- [The task]: Would you output the entries below only from the line containing "table_cell Voeren van" through the line containing "table_cell B&W [509, 701, 612, 1288]", exactly as they stand and with both ends included?

Stored records
-----

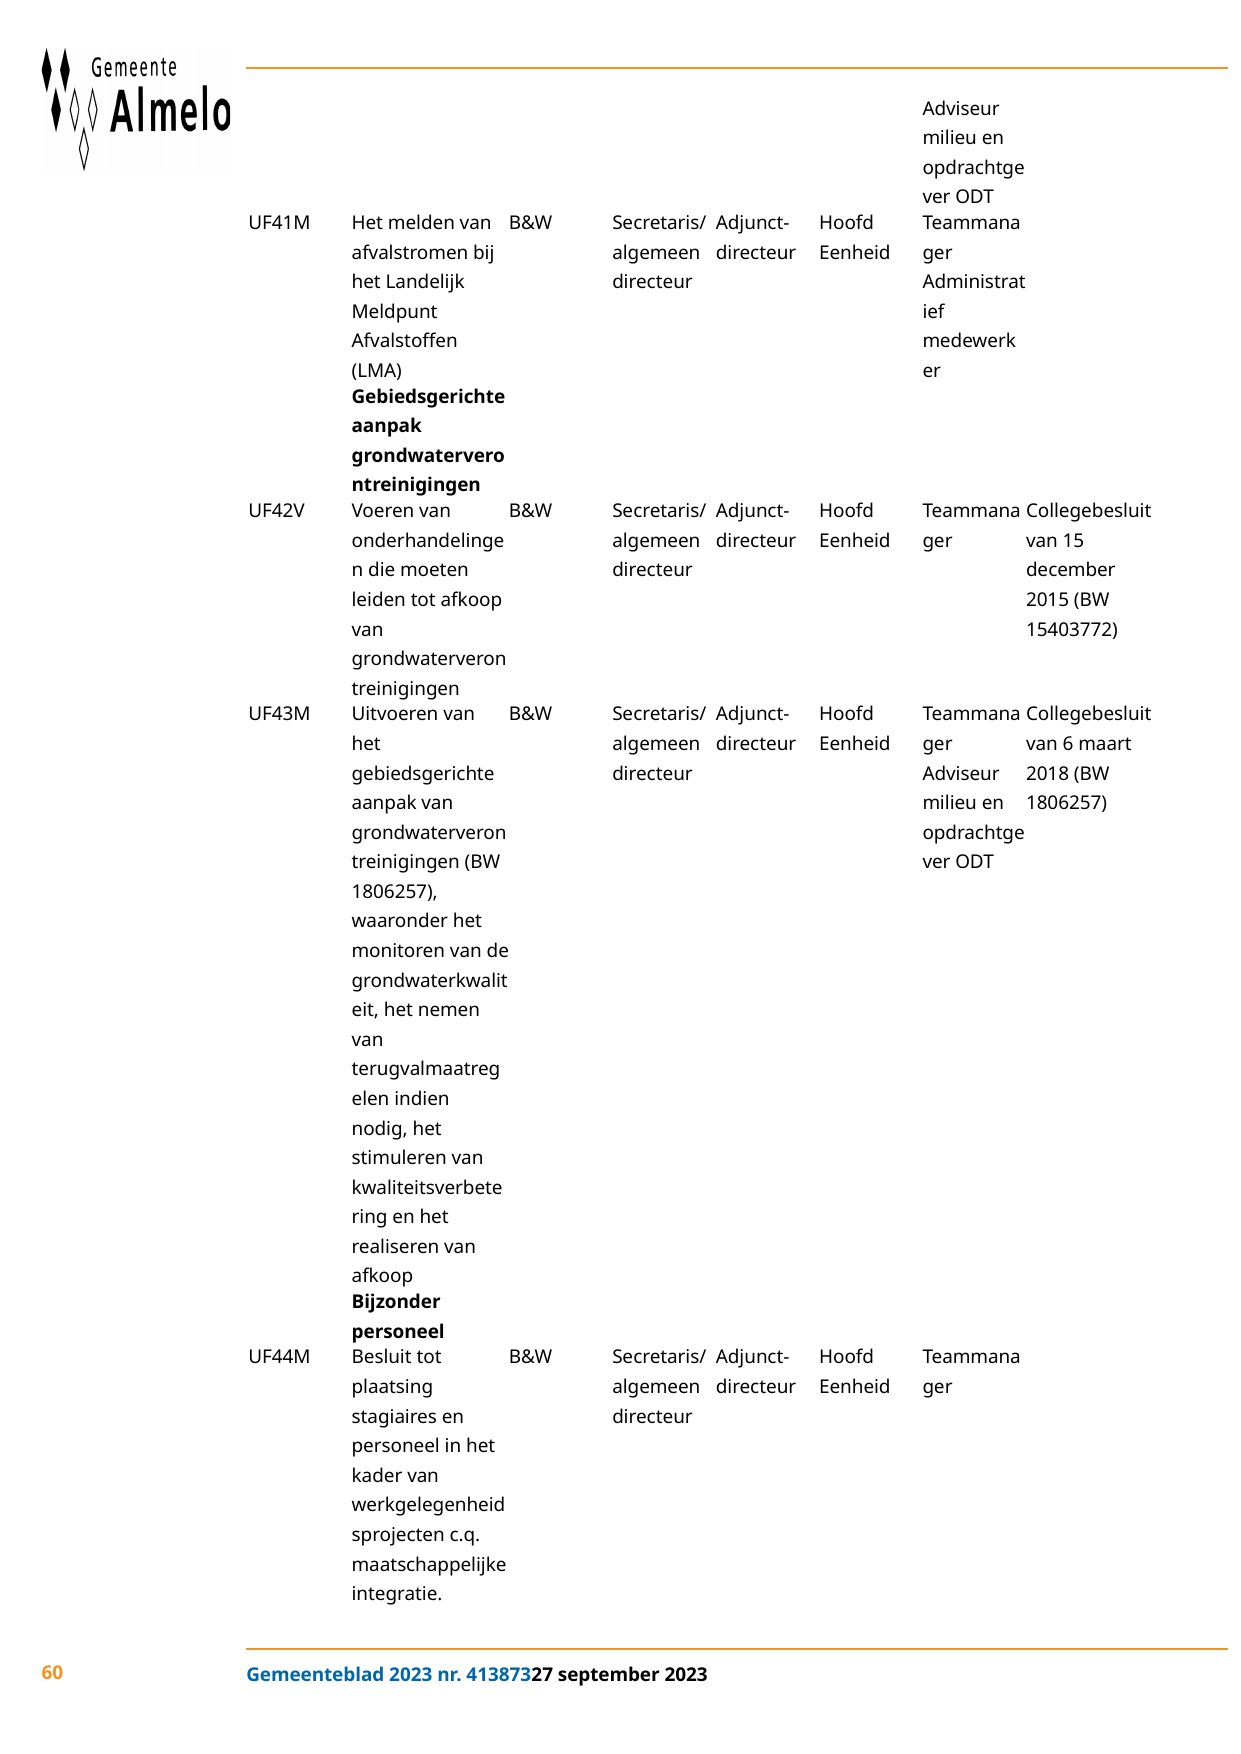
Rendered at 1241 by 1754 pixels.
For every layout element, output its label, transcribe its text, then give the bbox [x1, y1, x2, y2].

table_cell Adjunct-directeur [716, 701, 819, 1288]
table_cell Teammanager Adviseur milieu en opdrachtgever ODT [922, 701, 1026, 1288]
table_cell [248, 383, 351, 497]
table_cell [716, 383, 819, 497]
table_cell Voeren van onderhandelingen die moeten leiden tot afkoop van grondwaterverontreinigingen [351, 498, 509, 701]
table_cell Secretaris/ algemeen directeur [612, 498, 716, 701]
table_cell Het melden van afvalstromen bij het Landelijk Meldpunt Afvalstoffen (LMA) [351, 209, 509, 383]
table_cell UF41M [248, 209, 351, 383]
table_cell B&W [509, 1344, 612, 1606]
table_cell Adjunct-directeur [716, 1344, 819, 1606]
table_cell Uitvoeren van het gebiedsgerichte aanpak van grondwaterverontreinigingen (BW 1806257), waaronder het monitoren van de grondwaterkwaliteit, het nemen van terugvalmaatregelen indien nodig, het stimuleren van kwaliteitsverbetering en het realiseren van afkoop [351, 701, 509, 1288]
table_cell Adviseur milieu en opdrachtgever ODT [922, 95, 1026, 209]
table_cell B&W [509, 498, 612, 701]
table_cell Collegebesluit van 15 december 2015 (BW 15403772) [1026, 498, 1152, 701]
table_cell Hoofd Eenheid [819, 1344, 922, 1606]
table_cell [716, 95, 819, 209]
table_cell UF42V [248, 498, 351, 701]
table_cell [922, 383, 1026, 497]
table_cell [716, 1289, 819, 1344]
table_cell [351, 95, 509, 209]
table_cell [819, 1289, 922, 1344]
table_cell Adjunct-directeur [716, 498, 819, 701]
table_cell Besluit tot plaatsing stagiaires en personeel in het kader van werkgelegenheidsprojecten c.q. maatschappelijke integratie. [351, 1344, 509, 1606]
table_cell [612, 95, 716, 209]
table_cell [1026, 383, 1152, 497]
table_cell Secretaris/ algemeen directeur [612, 209, 716, 383]
table_cell Secretaris/ algemeen directeur [612, 1344, 716, 1606]
table_cell B&W [509, 209, 612, 383]
table_cell Bijzonder personeel [351, 1289, 509, 1344]
table_cell [1026, 209, 1152, 383]
table_cell [509, 1289, 612, 1344]
table_cell [612, 1289, 716, 1344]
table_cell [922, 1289, 1026, 1344]
table_cell Hoofd Eenheid [819, 701, 922, 1288]
table_cell [819, 95, 922, 209]
table_cell [248, 95, 351, 209]
table_cell UF44M [248, 1344, 351, 1606]
table_cell Teammanager [922, 498, 1026, 701]
table_cell [819, 383, 922, 497]
table_cell Secretaris/ algemeen directeur [612, 701, 716, 1288]
table_cell B&W [509, 701, 612, 1288]
table_cell Gebiedsgerichte aanpak grondwaterverontreinigingen [351, 383, 509, 497]
table_cell [1026, 1289, 1152, 1344]
table_cell UF43M [248, 701, 351, 1288]
table_cell Teammanager [922, 1344, 1026, 1606]
table_cell [248, 1289, 351, 1344]
table_cell [1026, 95, 1152, 209]
table_cell Collegebesluit van 6 maart 2018 (BW 1806257) [1026, 701, 1152, 1288]
table_cell [1026, 1344, 1152, 1606]
table_cell Adjunct-directeur [716, 209, 819, 383]
table_cell Hoofd Eenheid [819, 498, 922, 701]
table_cell [612, 383, 716, 497]
table_cell [509, 383, 612, 497]
table_cell Teammanager Administratief medewerker [922, 209, 1026, 383]
picture [41, 47, 231, 172]
table_cell [509, 95, 612, 209]
table_cell Hoofd Eenheid [819, 209, 922, 383]

-----

- [Answer to this exercise]:
table_cell Voeren van onderhandelingen die moeten leiden tot afkoop van grondwaterverontreinigingen [351, 498, 509, 701]
table_cell Secretaris/ algemeen directeur [612, 498, 716, 701]
table_cell Het melden van afvalstromen bij het Landelijk Meldpunt Afvalstoffen (LMA) [351, 209, 509, 383]
table_cell UF41M [248, 209, 351, 383]
table_cell B&W [509, 1344, 612, 1606]
table_cell Adjunct-directeur [716, 1344, 819, 1606]
table_cell Uitvoeren van het gebiedsgerichte aanpak van grondwaterverontreinigingen (BW 1806257), waaronder het monitoren van de grondwaterkwaliteit, het nemen van terugvalmaatregelen indien nodig, het stimuleren van kwaliteitsverbetering en het realiseren van afkoop [351, 701, 509, 1288]
table_cell Adviseur milieu en opdrachtgever ODT [922, 95, 1026, 209]
table_cell B&W [509, 498, 612, 701]
table_cell Collegebesluit van 15 december 2015 (BW 15403772) [1026, 498, 1152, 701]
table_cell Hoofd Eenheid [819, 1344, 922, 1606]
table_cell [716, 95, 819, 209]
table_cell UF42V [248, 498, 351, 701]
table_cell [922, 383, 1026, 497]
table_cell [716, 1289, 819, 1344]
table_cell [351, 95, 509, 209]
table_cell [819, 1289, 922, 1344]
table_cell Adjunct-directeur [716, 498, 819, 701]
table_cell Besluit tot plaatsing stagiaires en personeel in het kader van werkgelegenheidsprojecten c.q. maatschappelijke integratie. [351, 1344, 509, 1606]
table_cell [612, 95, 716, 209]
table_cell [1026, 383, 1152, 497]
table_cell Secretaris/ algemeen directeur [612, 209, 716, 383]
table_cell Secretaris/ algemeen directeur [612, 1344, 716, 1606]
table_cell B&W [509, 209, 612, 383]
table_cell Bijzonder personeel [351, 1289, 509, 1344]
table_cell [1026, 209, 1152, 383]
table_cell [509, 1289, 612, 1344]
table_cell [612, 1289, 716, 1344]
table_cell [922, 1289, 1026, 1344]
table_cell Hoofd Eenheid [819, 701, 922, 1288]
table_cell [819, 95, 922, 209]
table_cell [248, 95, 351, 209]
table_cell UF44M [248, 1344, 351, 1606]
table_cell Teammanager [922, 498, 1026, 701]
table_cell [819, 383, 922, 497]
table_cell Secretaris/ algemeen directeur [612, 701, 716, 1288]
table_cell B&W [509, 701, 612, 1288]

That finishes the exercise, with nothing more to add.